Arthur summoned me the following week. I found him in the palace hall where he was eating his midday meal with Guinevere. He ordered a couch and more food to be fetched for me. The courtyard outside was crowded with petitioners. “Poor Arthur,” Guinevere commented, 'one visit home and suddenly every man is complaining about his neighbour or demanding a reduction in rent. Why don't they use the magistrates?"

“Because they're not rich enough to bribe them,” Arthur said.

“Or powerful enough to surround the courthouse with iron-helmed men?” Guinevere added, smiling to show that she did not disapprove of my action. She wouldn't, for she was a sworn opponent of Nabur who was a leader of the kingdom's Christian faction.

“A spontaneous gesture of support by my men,” I said blandly, and Arthur laughed. It was a happy meal. I was rarely alone with Arthur and Guinevere, yet when I was I always saw how contented she made him. She had a barbed wit that he lacked, but liked, and she used it gently, as she knew he preferred it used. She flattered Arthur, yet she also gave him good advice. Arthur was ever ready to believe the best about people and he needed Guinevere's scepticism to redress that optimism. She looked no older than the last time I had been so close to her, though maybe there was a new shrewdness in those green huntress eyes. I could see no evidence that she was pregnant: her pale green dress lay flat over her belly where a gold-tasselled rope hung like a loose belt. Her badge of the moon-crested stag hung around her neck beneath the heavy sun-rays of the Saxon necklace that Arthur had sent her from Durocobrivis. She had scorned the necklace when I had presented it to her, but now wore it proudly.

The conversation at that midday meal was mostly light. wanted to know why the blackbirds and thrushes stopped singing in the summer, but neither of us had an answer, any more than we could tell him where the martins and swallows went in winter, though Merlin once told me they went to a great cave in the northern wilderness where they slept in huge feathered clumps until the spring.

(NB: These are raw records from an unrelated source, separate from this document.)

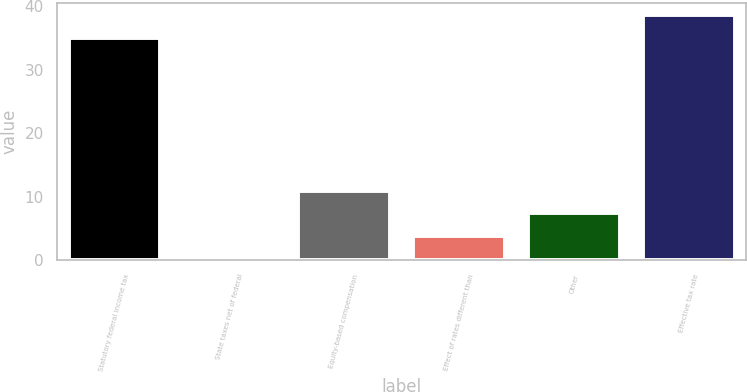Convert chart to OTSL. <chart><loc_0><loc_0><loc_500><loc_500><bar_chart><fcel>Statutory federal income tax<fcel>State taxes net of federal<fcel>Equity-based compensation<fcel>Effect of rates different than<fcel>Other<fcel>Effective tax rate<nl><fcel>35<fcel>0.2<fcel>10.94<fcel>3.78<fcel>7.36<fcel>38.58<nl></chart> 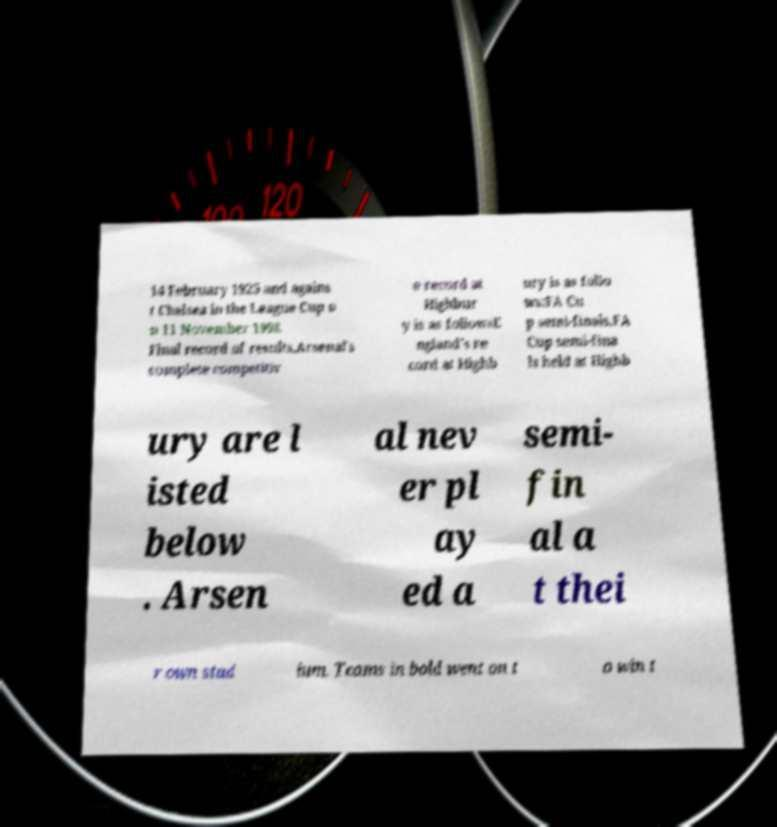I need the written content from this picture converted into text. Can you do that? 14 February 1925 and agains t Chelsea in the League Cup o n 11 November 1998. Final record of results.Arsenal's complete competitiv e record at Highbur y is as followsE ngland's re cord at Highb ury is as follo ws:FA Cu p semi-finals.FA Cup semi-fina ls held at Highb ury are l isted below . Arsen al nev er pl ay ed a semi- fin al a t thei r own stad ium. Teams in bold went on t o win t 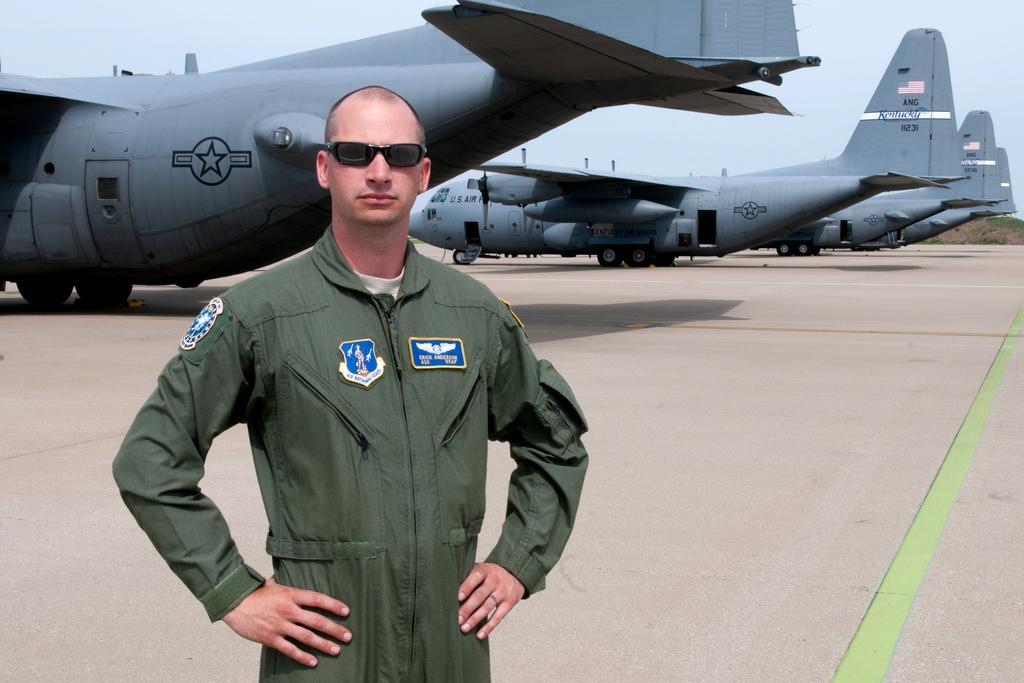Could you give a brief overview of what you see in this image? In this picture we can see a man wore goggles and standing and at the back of them we can see airplanes on the ground and in the background we can see the grass, sky.

Guinevere pressed me about Merlin and I promised her, upon my life, that the Druid had indeed returned to Britain. “He's gone to the Isle of the Dead,” I told her.

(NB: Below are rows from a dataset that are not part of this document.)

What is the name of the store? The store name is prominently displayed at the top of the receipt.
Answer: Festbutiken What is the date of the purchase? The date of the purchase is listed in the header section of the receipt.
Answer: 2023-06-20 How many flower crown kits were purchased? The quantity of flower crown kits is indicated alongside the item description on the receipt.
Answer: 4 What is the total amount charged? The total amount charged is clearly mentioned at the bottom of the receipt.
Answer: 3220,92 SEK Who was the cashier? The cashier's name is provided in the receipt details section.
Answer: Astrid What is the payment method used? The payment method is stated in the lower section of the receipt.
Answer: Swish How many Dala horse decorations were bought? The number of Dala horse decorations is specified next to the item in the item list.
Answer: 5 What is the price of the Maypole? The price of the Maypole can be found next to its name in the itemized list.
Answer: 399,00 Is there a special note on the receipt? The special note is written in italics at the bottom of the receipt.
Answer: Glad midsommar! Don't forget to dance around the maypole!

“He's done what?” Arthur asked, appalled.

I explained about Nimue and remembered to thank Guinevere for her efforts to save my friend from Sansum's revenge.

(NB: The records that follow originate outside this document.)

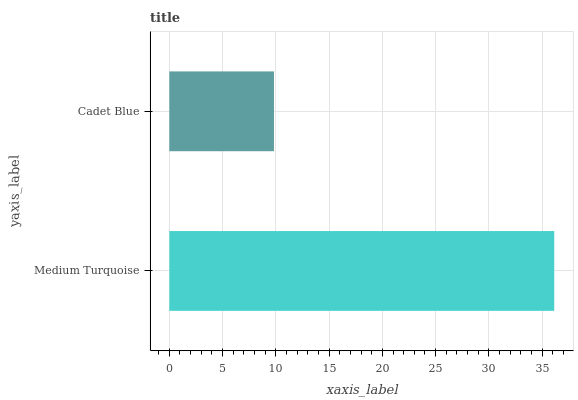Is Cadet Blue the minimum?
Answer yes or no. Yes. Is Medium Turquoise the maximum?
Answer yes or no. Yes. Is Cadet Blue the maximum?
Answer yes or no. No. Is Medium Turquoise greater than Cadet Blue?
Answer yes or no. Yes. Is Cadet Blue less than Medium Turquoise?
Answer yes or no. Yes. Is Cadet Blue greater than Medium Turquoise?
Answer yes or no. No. Is Medium Turquoise less than Cadet Blue?
Answer yes or no. No. Is Medium Turquoise the high median?
Answer yes or no. Yes. Is Cadet Blue the low median?
Answer yes or no. Yes. Is Cadet Blue the high median?
Answer yes or no. No. Is Medium Turquoise the low median?
Answer yes or no. No. 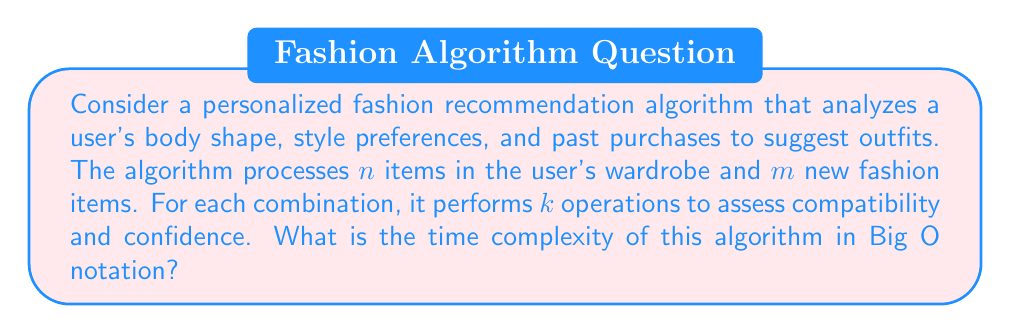What is the answer to this math problem? To analyze the time complexity of this algorithm, let's break it down step-by-step:

1. The algorithm needs to consider each item in the user's wardrobe ($n$) in combination with each new fashion item ($m$).

2. This creates $n * m$ combinations to analyze.

3. For each combination, the algorithm performs $k$ operations to assess compatibility and confidence.

4. Therefore, the total number of operations is $(n * m * k)$.

5. In Big O notation, we focus on the dominant terms and ignore constants. Here, $k$ can be considered a constant factor as it doesn't change with the input size.

6. Thus, we can simplify the complexity to $O(n * m)$.

This quadratic time complexity reflects the challenge of personalizing fashion recommendations, which might resonate with the persona's experience of finding outfits that boost confidence and body image. The algorithm's thoroughness in considering many combinations mirrors the care and attention one might put into choosing outfits that make them feel empowered, similar to how the persona looks up to their sister for inspiration.
Answer: $O(n * m)$

“Poor Nimue,” Guinevere said. “But she is a fierce creature, isn't she? I liked her, but I don't think she liked us. We are all too frivolous! And I could not interest her in Isis. Isis, she'd tell me, is a foreign Goddess, and then she would spit like a little cat and mutter a prayer to Manawydan.” Arthur showed no reaction to the mention of Isis and I supposed he had lost his fears of the strange Goddess. “I wish I knew Nimue better,” he said instead.

“You will,” I said, 'when Merlin brings her back from the dead."

“If he can,” Arthur said dubiously. “No one ever has come back from the Isle.”

“Nimue will,” I insisted.

“She is extraordinary,” Guinevere said, 'and if anyone can survive the Isle, she can."

“With Merlin's help,” I added.

Only at the meal's end did our talk turn to Ynys Trebes, and even then Arthur was careful not to mention the name Lancelot. Instead he regretted that he had no gift with which he could reward me for my efforts.

“Being home is reward enough, Lord Prince,” I said, remembering to use the title Guinevere preferred.

“I can at least call you Lord,” Arthur said, 'and so you will be called from now on, Lord Derfel." I laughed, not because I was ungrateful, but because the reward of a warlord's title seemed too grand for my attainments. I was also proud: a man was called lord for being a king, a prince, a chief or because his sword had made him famous. I superstitiously touched Hywelbane's hilt so that my luck would not be soured by the pride.